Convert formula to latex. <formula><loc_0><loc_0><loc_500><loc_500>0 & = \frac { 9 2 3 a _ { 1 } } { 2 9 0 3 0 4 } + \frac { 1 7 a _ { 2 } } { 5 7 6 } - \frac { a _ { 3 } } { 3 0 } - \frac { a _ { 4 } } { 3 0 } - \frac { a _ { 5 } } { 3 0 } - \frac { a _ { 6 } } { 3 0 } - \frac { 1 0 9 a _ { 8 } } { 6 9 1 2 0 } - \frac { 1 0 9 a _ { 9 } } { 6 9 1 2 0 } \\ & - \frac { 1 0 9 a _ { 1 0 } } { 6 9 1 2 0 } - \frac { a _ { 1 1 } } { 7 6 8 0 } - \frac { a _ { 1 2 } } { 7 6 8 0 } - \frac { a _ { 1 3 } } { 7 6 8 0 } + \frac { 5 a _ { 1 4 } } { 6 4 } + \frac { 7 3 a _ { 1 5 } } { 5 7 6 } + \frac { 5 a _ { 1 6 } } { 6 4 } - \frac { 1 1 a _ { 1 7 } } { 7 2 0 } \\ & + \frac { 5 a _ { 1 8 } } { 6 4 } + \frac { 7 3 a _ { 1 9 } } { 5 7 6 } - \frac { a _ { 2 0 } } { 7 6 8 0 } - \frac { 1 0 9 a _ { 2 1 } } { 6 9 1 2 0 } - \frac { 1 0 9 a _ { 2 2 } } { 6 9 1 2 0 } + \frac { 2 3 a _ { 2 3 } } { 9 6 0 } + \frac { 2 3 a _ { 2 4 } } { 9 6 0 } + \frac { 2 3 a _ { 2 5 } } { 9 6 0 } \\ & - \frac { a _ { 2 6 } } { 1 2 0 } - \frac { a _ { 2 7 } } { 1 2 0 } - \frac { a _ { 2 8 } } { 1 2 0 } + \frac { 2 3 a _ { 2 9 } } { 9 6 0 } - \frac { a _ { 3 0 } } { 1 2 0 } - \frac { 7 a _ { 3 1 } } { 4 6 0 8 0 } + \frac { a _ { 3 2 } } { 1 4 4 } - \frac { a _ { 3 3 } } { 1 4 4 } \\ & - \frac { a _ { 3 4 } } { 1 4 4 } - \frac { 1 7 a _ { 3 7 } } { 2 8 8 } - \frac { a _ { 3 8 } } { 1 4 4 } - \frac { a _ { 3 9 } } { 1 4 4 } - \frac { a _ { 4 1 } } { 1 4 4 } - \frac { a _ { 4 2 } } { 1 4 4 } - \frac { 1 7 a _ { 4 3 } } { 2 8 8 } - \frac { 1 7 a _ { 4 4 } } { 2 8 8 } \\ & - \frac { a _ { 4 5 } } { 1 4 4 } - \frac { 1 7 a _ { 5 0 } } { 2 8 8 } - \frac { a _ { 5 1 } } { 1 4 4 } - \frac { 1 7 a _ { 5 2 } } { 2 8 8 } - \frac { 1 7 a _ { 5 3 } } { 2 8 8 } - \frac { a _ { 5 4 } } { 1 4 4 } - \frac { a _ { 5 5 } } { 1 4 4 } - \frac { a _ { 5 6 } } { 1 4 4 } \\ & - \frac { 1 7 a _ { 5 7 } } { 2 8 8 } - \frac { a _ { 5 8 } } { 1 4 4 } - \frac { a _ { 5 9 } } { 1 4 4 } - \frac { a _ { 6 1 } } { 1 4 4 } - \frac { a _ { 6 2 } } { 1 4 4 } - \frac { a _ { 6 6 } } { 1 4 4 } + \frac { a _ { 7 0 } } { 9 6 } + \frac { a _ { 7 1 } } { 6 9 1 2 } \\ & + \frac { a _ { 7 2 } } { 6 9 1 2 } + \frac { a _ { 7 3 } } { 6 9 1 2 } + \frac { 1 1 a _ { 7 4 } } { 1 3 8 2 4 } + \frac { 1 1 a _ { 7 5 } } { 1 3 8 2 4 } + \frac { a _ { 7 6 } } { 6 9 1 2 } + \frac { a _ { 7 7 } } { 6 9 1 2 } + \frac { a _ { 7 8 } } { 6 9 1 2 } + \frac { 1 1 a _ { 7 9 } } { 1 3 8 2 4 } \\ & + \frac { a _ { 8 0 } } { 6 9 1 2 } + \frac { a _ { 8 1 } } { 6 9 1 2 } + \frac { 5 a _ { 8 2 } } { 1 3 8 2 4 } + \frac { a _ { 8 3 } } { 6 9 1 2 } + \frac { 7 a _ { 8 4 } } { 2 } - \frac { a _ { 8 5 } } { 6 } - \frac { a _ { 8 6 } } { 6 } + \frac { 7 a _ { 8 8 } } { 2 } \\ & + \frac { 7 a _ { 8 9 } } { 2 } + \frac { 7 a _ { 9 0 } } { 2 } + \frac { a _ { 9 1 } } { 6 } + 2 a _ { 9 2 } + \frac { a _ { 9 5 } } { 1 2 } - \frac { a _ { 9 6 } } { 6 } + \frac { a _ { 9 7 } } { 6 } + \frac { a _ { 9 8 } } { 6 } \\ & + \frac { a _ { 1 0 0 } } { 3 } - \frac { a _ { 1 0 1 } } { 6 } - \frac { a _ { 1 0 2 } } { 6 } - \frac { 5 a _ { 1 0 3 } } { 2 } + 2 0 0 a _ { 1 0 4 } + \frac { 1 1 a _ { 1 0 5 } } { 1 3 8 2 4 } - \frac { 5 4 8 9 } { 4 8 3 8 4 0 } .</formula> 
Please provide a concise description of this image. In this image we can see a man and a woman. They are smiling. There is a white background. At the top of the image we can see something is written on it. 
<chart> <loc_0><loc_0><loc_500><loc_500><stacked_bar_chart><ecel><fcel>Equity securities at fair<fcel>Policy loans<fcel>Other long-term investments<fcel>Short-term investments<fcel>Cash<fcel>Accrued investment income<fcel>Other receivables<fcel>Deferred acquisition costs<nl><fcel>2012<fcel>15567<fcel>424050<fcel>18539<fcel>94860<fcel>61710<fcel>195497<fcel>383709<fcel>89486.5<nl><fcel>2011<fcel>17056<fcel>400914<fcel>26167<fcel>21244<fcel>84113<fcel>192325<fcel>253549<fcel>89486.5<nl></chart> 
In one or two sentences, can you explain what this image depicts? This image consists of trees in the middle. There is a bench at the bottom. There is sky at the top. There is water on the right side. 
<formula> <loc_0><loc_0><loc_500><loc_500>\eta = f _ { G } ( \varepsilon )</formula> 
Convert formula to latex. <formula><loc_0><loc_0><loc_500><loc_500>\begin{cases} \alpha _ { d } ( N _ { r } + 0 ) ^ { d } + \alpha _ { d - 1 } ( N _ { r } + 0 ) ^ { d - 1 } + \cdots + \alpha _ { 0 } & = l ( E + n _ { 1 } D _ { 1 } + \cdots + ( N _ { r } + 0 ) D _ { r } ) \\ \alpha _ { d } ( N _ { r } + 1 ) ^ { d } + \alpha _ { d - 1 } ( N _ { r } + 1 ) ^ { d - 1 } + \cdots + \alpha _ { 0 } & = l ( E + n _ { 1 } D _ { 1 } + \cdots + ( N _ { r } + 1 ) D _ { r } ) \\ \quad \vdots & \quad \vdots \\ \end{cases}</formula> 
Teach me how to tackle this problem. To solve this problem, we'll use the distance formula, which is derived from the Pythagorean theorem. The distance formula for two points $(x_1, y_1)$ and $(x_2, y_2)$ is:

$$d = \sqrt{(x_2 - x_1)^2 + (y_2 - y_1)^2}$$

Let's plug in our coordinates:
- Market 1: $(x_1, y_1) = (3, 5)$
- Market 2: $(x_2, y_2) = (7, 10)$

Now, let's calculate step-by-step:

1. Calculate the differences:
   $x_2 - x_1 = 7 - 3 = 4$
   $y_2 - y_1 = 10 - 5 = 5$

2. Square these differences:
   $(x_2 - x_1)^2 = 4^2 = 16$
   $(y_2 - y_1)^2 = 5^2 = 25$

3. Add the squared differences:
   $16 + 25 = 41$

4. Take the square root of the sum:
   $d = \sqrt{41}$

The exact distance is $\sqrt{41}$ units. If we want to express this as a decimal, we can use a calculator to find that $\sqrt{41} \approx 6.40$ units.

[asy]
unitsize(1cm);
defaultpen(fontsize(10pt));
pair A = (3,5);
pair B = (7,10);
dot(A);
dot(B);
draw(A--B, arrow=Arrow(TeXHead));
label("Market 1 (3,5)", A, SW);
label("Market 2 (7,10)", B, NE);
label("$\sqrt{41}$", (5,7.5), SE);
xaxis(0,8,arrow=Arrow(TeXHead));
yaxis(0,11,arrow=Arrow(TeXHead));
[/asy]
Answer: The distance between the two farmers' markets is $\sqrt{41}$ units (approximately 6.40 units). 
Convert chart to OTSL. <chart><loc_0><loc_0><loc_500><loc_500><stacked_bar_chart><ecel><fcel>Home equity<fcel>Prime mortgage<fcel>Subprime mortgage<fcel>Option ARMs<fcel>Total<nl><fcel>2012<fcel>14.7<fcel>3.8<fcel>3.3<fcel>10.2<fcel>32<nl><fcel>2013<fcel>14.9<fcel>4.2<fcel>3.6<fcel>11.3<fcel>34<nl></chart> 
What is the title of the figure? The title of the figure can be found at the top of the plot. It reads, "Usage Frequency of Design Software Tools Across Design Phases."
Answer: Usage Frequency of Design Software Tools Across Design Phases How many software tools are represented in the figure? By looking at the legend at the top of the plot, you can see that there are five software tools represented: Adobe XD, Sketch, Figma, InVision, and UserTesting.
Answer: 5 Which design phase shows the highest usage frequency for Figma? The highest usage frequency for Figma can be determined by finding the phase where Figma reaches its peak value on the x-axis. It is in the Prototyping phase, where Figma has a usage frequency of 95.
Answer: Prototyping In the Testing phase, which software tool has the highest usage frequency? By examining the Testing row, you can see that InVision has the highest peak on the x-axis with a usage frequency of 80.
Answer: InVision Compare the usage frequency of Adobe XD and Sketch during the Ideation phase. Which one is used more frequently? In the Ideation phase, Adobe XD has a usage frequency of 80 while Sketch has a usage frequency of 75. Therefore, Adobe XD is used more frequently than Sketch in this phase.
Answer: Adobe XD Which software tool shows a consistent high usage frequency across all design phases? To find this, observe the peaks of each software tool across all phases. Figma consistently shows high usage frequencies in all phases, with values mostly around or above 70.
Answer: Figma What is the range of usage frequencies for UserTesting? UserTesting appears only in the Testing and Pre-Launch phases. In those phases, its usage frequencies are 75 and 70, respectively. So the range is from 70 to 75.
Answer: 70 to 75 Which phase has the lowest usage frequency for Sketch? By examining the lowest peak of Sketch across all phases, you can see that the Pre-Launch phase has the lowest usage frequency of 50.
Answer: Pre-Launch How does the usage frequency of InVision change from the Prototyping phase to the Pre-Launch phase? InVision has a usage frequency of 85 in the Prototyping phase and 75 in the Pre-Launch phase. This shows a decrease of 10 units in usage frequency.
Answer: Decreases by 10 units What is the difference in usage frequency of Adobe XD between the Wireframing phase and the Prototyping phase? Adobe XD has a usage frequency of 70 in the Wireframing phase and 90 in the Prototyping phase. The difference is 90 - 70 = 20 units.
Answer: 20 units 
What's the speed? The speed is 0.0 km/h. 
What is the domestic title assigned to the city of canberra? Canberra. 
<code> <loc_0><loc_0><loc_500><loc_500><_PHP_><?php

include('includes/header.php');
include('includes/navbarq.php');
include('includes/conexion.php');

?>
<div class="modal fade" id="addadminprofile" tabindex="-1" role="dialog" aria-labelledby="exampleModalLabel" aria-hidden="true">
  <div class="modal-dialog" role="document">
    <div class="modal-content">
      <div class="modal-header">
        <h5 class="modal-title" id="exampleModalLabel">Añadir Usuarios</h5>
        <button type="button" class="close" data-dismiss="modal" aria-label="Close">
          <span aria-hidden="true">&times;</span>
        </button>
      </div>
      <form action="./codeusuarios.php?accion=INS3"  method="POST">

************

== EXERCISE ==
Using the records above, write out exactly the lines between the one holding "Answer: Pre-Launch How" and the one holding "Answer: Decreases by", inclusive; leave everything else out.

== SOLUTION TO THIS EXERCISE ==
Answer: Pre-Launch How does the usage frequency of InVision change from the Prototyping phase to the Pre-Launch phase? InVision has a usage frequency of 85 in the Prototyping phase and 75 in the Pre-Launch phase. This shows a decrease of 10 units in usage frequency.
Answer: Decreases by 10 units What is the difference in usage frequency of Adobe XD between the Wireframing phase and the Prototyping phase? Adobe XD has a usage frequency of 70 in the Wireframing phase and 90 in the Prototyping phase. The difference is 90 - 70 = 20 units.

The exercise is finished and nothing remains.